Obstructive sleep apnoea occurs when the structures at the back of the nose and throat (the nasopharynx) partially collapse during deep sleep and block the flow of air to the lungs. This can lead to heavy snoring, temporary cessation of breathing whilst asleep (often noticed by the individuals partner) and poor quality, unrefreshing sleep. Knock on consequences of this are daytime drowsiness, exhaustion, emotional disturbance and high blood pressure.

This blockage of the airway during the night means that there is a relative lack of oxygen getting round the body and contribute to a sluggish metabolism. OSA tends to occur in people who are overweight and this can make their diabetes control worse over time.


How to work out if you might have OSA.


It can be difficult to know if symptoms such as snoring are due to OSA, but if there is a persistent problem with stopping breathing during the night or excessive daytime sleepiness then it might be worth completing the following screening tool.






This questionnaire is designed to determine your levels of daytime sleepiness which tells us whether you are getting adequate sleep.
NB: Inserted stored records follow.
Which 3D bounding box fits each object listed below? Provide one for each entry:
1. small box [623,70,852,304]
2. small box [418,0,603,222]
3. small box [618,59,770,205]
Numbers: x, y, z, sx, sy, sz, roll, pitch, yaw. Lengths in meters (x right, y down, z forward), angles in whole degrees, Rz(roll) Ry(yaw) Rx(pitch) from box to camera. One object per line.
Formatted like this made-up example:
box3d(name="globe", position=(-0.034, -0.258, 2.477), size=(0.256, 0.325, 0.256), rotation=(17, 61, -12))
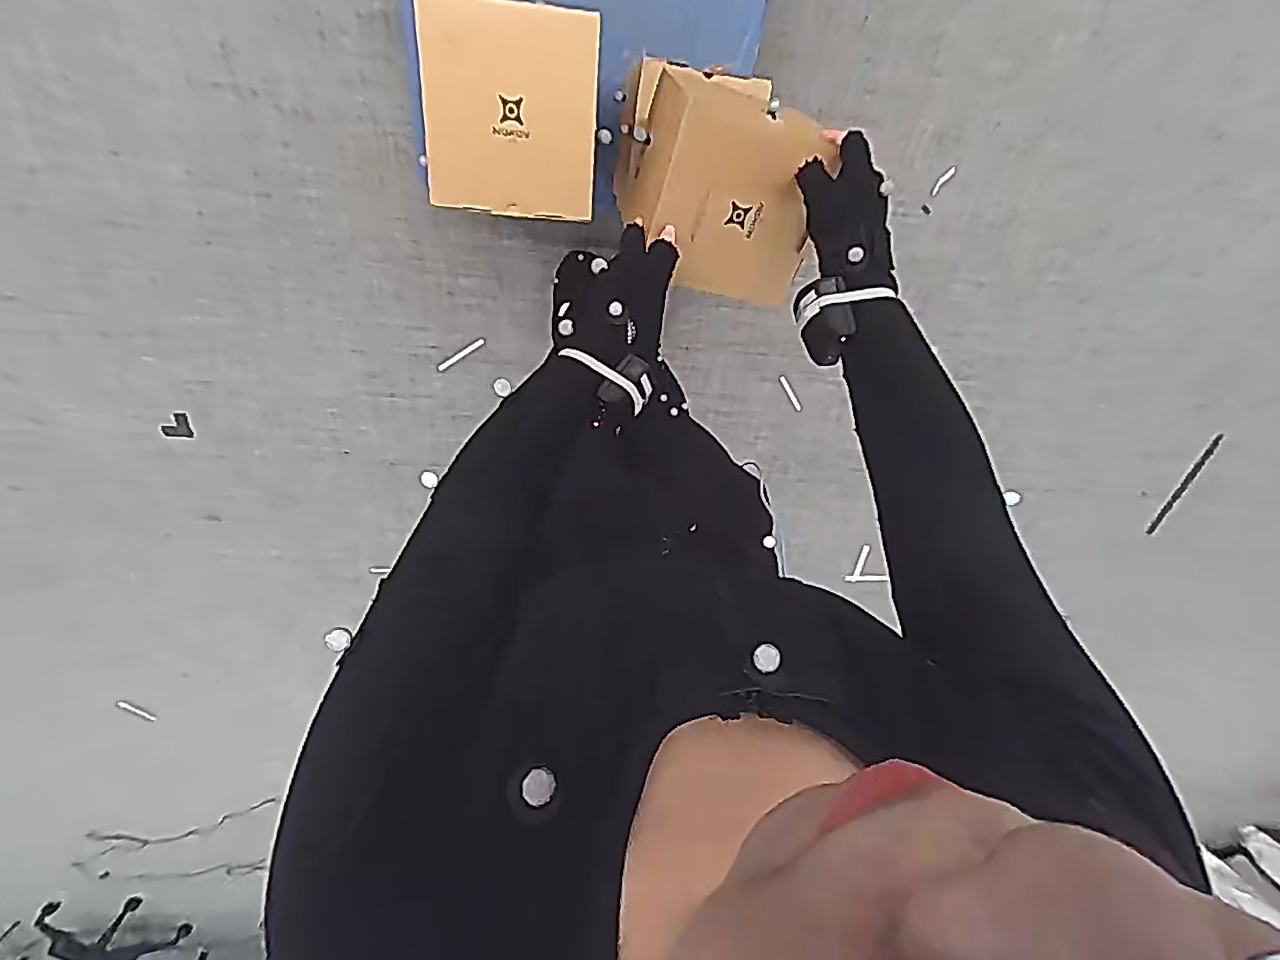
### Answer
box3d(name="small box", position=(0.091, -0.325, 0.602), size=(0.179, 0.176, 0.168), rotation=(7, 132, -17))
box3d(name="small box", position=(-0.131, -0.395, 0.592), size=(0.168, 0.176, 0.179), rotation=(2, 122, -7))
box3d(name="small box", position=(0.062, -0.464, 0.764), size=(0.168, 0.176, 0.179), rotation=(4, 122, -9))

Use the following scale to choose the most appropriate number for each situation:


0 = would never doze or sleep.

1 = slight chance of dozing or sleeping

2 = moderate chance of dozing or sleeping

3 = high chance of dozing or sleeping










 Sitting and reading




 Watching TV




 Sitting inactive in a public place




 Being a passenger in a car or bus for

 more than an hour




 Lying down in the afternoon




 Sitting and talking to someone




 Sitting quietly after lunch (no alcohol)




 Stopped for a few minutes in traffic while










If your total score is greater than 9 it would be a good idea to speak to your doctor for further investigation.